Our weekly blog on the New Orleans fine dining scene

I Will Advertise Your Product

This evening, as I reclined in my reclining chair with my pipe, my copy of Boswell’s "Life of Samuel Johnson" and my snifter of port, I felt a disturbance. It was not the braying of my children, which I have developed the ability to ignore; no, it was the sense that I have not fully realized my economic potential.

You may scoff, friends, but the truth is that I have not yet filmed a commercial for a product only available in foreign markets. Despite my celebrity, no manufacturer of instant soupmalt beverages, or whatever the holy hell Woody Allen is hawking here has approached me to star in a short film designed to encourage sales.

I will admit that I do not have the worldwide recognition of Harrison Ford, Sylvester Stallone or Woody Allen, but I am better looking than Woody Allen, more eloquent than Sylvester Stallone and Harrison Ford is… never mind about Harrison Ford.

The point is that while I may not have the global reach of certain celebrities, I am every bit as unencumbered by ethics where it comes to commercials that will air only in languages that are not English.

I do have some standards; I will not advertise any product sold for human consumption which contains cadmium, mercury or Sylvester Stallone (I am negotiable on the last one).
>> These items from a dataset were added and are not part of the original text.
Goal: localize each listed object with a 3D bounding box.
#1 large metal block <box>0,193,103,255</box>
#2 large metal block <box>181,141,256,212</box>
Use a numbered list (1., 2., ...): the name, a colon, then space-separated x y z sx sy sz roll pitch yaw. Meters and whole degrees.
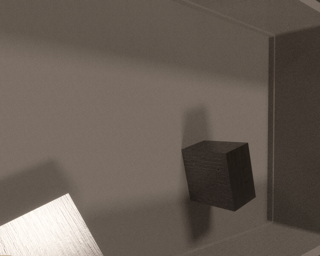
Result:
1. large metal block: -0.106 0.119 0.281 0.081 0.050 0.080 -24 74 -38
2. large metal block: 0.083 0.064 0.443 0.050 0.080 0.079 -18 102 -39
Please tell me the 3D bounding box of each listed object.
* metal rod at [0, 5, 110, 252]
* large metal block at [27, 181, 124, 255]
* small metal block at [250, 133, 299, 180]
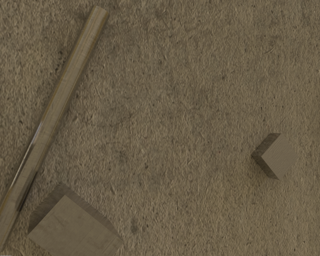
[{"bbox_3d":[-0.129,-0.006,0.361,0.025,0.025,0.299,25,82,-19],"label":"metal rod"},{"bbox_3d":[-0.095,0.110,0.345,0.080,0.080,0.050,44,76,-15],"label":"large metal block"},{"bbox_3d":[0.176,0.043,0.475,0.050,0.025,0.050,-44,104,-15],"label":"small metal block"}]
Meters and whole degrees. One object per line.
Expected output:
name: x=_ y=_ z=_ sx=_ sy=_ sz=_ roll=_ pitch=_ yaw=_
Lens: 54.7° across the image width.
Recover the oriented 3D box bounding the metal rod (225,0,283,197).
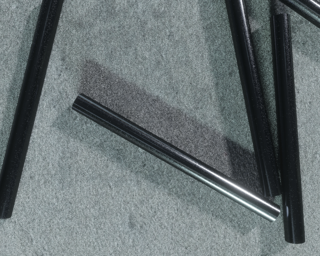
metal rod: x=0.121 y=-0.059 z=0.411 sx=0.025 sy=0.025 sz=0.298 roll=-11 pitch=90 yaw=0

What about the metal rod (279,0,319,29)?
metal rod: x=0.156 y=-0.188 z=0.411 sx=0.301 sy=0.025 sz=0.025 roll=34 pitch=90 yaw=-1

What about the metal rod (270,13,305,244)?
metal rod: x=0.169 y=0.001 z=0.412 sx=0.025 sy=0.025 sz=0.298 roll=-4 pitch=90 yaw=-1

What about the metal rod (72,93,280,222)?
metal rod: x=0.022 y=0.039 z=0.410 sx=0.301 sy=0.025 sz=0.025 roll=30 pitch=90 yaw=-1

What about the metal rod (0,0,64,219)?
metal rod: x=-0.174 y=-0.030 z=0.407 sx=0.025 sy=0.025 sz=0.298 roll=14 pitch=90 yaw=-1
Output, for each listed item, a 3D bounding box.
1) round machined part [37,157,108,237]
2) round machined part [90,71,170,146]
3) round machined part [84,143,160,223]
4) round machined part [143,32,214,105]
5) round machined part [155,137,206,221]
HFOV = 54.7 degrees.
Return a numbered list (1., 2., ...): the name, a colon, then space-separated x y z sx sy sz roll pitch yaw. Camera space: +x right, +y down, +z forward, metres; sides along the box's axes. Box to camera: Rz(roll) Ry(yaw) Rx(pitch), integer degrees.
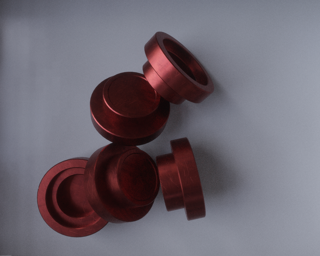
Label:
1. round machined part: -0.102 0.086 0.402 0.099 0.042 0.097 0 90 0
2. round machined part: -0.035 -0.030 0.380 0.099 0.042 0.098 5 58 -8
3. round machined part: -0.038 0.062 0.373 0.042 0.099 0.098 -23 90 39
4. round machined part: 0.018 -0.067 0.380 0.098 0.098 0.042 48 116 0
5. round machined part: 0.022 0.063 0.375 0.042 0.098 0.097 -12 90 0
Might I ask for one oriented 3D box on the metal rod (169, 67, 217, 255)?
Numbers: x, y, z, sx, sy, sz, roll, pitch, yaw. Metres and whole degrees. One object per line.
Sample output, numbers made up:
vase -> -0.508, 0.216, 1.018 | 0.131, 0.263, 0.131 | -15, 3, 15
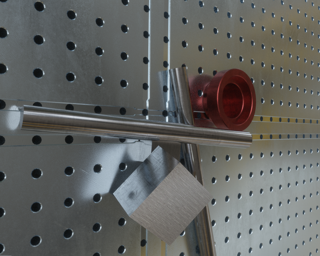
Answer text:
metal rod -> 0.050, 0.062, 0.453 | 0.025, 0.025, 0.298 | -17, 101, -39

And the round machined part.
round machined part -> 0.106, -0.043, 0.490 | 0.099, 0.042, 0.097 | 0, 90, -40

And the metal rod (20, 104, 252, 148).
metal rod -> -0.004, 0.003, 0.376 | 0.302, 0.025, 0.025 | 6, 86, -31

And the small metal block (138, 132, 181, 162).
small metal block -> 0.001, 0.021, 0.412 | 0.050, 0.025, 0.050 | 8, 85, -40

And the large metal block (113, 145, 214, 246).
large metal block -> 0.005, 0.083, 0.380 | 0.080, 0.050, 0.080 | -47, 124, -6
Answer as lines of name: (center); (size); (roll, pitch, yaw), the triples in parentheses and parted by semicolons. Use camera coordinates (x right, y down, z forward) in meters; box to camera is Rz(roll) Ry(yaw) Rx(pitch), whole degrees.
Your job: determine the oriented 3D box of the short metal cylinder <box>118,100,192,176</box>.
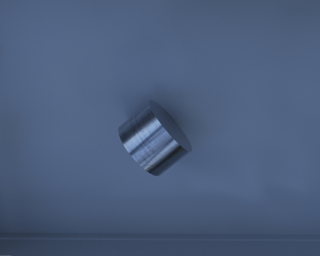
short metal cylinder: (-0.005, 0.012, 0.384); (0.050, 0.080, 0.080); (-40, 106, 13)
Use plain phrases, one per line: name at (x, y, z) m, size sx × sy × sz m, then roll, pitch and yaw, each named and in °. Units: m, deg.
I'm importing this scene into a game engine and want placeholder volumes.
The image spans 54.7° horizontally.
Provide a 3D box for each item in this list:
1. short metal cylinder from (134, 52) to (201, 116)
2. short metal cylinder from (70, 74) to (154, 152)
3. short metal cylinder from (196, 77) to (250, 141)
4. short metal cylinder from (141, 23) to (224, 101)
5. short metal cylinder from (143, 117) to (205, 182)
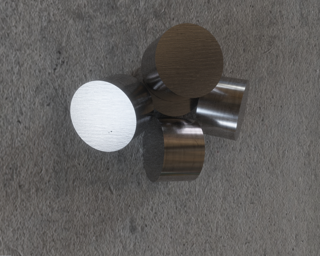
short metal cylinder at (0.009, -0.054, 0.401) m, size 0.081 × 0.050 × 0.079 m, roll 0°, pitch 90°, yaw -21°
short metal cylinder at (-0.054, -0.019, 0.356) m, size 0.080 × 0.050 × 0.079 m, roll 6°, pitch 110°, yaw 19°
short metal cylinder at (0.083, -0.027, 0.407) m, size 0.050 × 0.080 × 0.080 m, roll 13°, pitch 85°, yaw 19°
short metal cylinder at (0.024, -0.072, 0.353) m, size 0.081 × 0.050 × 0.079 m, roll 0°, pitch 90°, yaw -21°
short metal cylinder at (0.015, 0.027, 0.386) m, size 0.050 × 0.080 × 0.079 m, roll 2°, pitch 90°, yaw -20°
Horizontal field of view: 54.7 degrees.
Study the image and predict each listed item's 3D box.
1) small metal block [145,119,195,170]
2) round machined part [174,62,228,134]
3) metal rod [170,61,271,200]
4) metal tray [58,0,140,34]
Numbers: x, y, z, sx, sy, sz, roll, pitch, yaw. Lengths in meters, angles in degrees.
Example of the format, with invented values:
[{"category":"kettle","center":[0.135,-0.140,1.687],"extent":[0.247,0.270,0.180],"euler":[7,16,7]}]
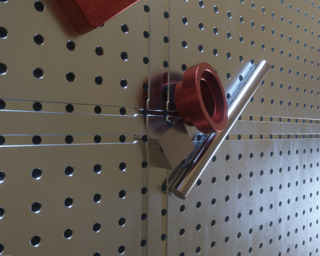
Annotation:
[{"category":"small metal block","center":[0.015,0.021,0.424],"extent":[0.050,0.025,0.050],"euler":[-39,114,-33]},{"category":"round machined part","center":[0.056,-0.039,0.434],"extent":[0.098,0.042,0.098],"euler":[27,56,-50]},{"category":"metal rod","center":[0.109,-0.011,0.502],"extent":[0.301,0.025,0.025],"euler":[-51,120,-28]},{"category":"metal tray","center":[-0.084,-0.182,0.336],"extent":[0.090,0.030,0.130],"euler":[-47,118,-30]}]
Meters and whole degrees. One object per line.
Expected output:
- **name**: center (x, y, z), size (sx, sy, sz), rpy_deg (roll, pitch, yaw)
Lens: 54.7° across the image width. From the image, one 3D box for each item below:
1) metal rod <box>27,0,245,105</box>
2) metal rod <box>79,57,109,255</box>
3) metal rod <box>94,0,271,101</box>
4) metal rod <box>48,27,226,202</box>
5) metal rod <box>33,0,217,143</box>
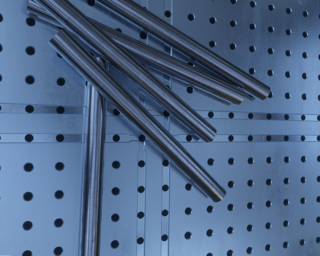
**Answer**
- **metal rod**: center (-0.016, -0.095, 0.407), size (0.302, 0.025, 0.025), rpy_deg (21, 83, -19)
- **metal rod**: center (-0.082, 0.064, 0.382), size (0.025, 0.025, 0.298), rpy_deg (3, 89, -20)
- **metal rod**: center (0.031, -0.116, 0.425), size (0.301, 0.025, 0.025), rpy_deg (26, 81, -19)
- **metal rod**: center (-0.014, -0.002, 0.390), size (0.300, 0.025, 0.025), rpy_deg (45, 76, -22)
- **metal rod**: center (-0.038, -0.075, 0.381), size (0.301, 0.025, 0.025), rpy_deg (38, 78, -23)
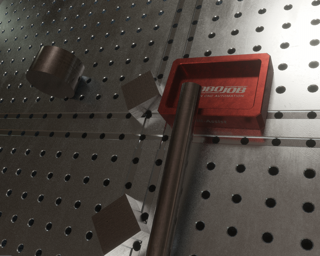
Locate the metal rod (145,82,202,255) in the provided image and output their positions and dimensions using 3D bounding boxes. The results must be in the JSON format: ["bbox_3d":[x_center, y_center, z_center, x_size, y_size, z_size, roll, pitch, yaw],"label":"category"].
[{"bbox_3d":[0.007,0.089,0.327,0.025,0.025,0.299,2,69,29],"label":"metal rod"}]

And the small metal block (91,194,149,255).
[{"bbox_3d":[-0.046,0.114,0.361,0.050,0.025,0.050,-35,51,4],"label":"small metal block"}]

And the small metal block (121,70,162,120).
[{"bbox_3d":[-0.024,-0.048,0.449,0.050,0.025,0.050,-28,52,10],"label":"small metal block"}]

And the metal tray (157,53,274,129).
[{"bbox_3d":[0.070,-0.048,0.396,0.130,0.030,0.090,3,63,29],"label":"metal tray"}]

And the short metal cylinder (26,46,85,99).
[{"bbox_3d":[-0.173,-0.091,0.518,0.080,0.080,0.050,1,63,28],"label":"short metal cylinder"}]
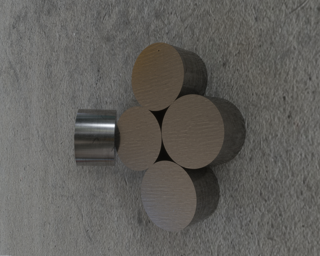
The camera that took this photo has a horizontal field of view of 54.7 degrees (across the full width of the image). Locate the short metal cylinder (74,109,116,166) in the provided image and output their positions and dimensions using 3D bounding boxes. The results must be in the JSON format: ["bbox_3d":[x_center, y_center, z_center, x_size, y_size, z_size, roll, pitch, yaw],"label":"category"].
[{"bbox_3d":[-0.088,0.014,0.436,0.080,0.050,0.080,-177,88,-84],"label":"short metal cylinder"}]

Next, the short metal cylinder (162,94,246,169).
[{"bbox_3d":[0.049,0.004,0.350,0.080,0.050,0.080,0,90,40],"label":"short metal cylinder"}]

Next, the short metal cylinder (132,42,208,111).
[{"bbox_3d":[0.011,-0.060,0.381,0.080,0.050,0.080,0,90,40],"label":"short metal cylinder"}]

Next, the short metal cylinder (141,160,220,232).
[{"bbox_3d":[0.024,0.077,0.371,0.080,0.050,0.080,0,90,40],"label":"short metal cylinder"}]

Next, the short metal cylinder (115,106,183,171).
[{"bbox_3d":[-0.013,0.013,0.401,0.080,0.050,0.080,0,90,40],"label":"short metal cylinder"}]
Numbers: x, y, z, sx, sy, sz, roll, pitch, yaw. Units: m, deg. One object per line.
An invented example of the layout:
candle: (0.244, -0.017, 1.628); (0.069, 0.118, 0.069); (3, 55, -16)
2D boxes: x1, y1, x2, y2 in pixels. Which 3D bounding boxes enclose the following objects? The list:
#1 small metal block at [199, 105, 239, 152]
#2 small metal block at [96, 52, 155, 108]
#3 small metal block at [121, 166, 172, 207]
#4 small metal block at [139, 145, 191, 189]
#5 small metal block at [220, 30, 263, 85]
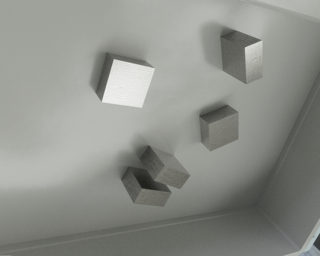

I will not appear in any commercial in which I am depicted as a mime, and I will only do tasteful nudity.

I have taken the liberty of writing a few advertisements for which I think I’d be well-suited:


Intro: camera pans from a mountain pass to a secluded alpine lake, focusing eventually on a small boat. Robert D. Peyton sits in the boat, alone, holding a glass of port. As the camera zooms into his face, he says, “THIS IS GOOD PORT”.  /cut.

Intro: fade from black to a dining room at a white tablecloth restaurant. Robert D. Peyton and Harrison Ford sit at a table in the center of the dining room. A waiter approaches.

            Waiter: “Gentlemen, may I take your order?”

            H. Ford: “Hey, he called us ‘gentlemen!’”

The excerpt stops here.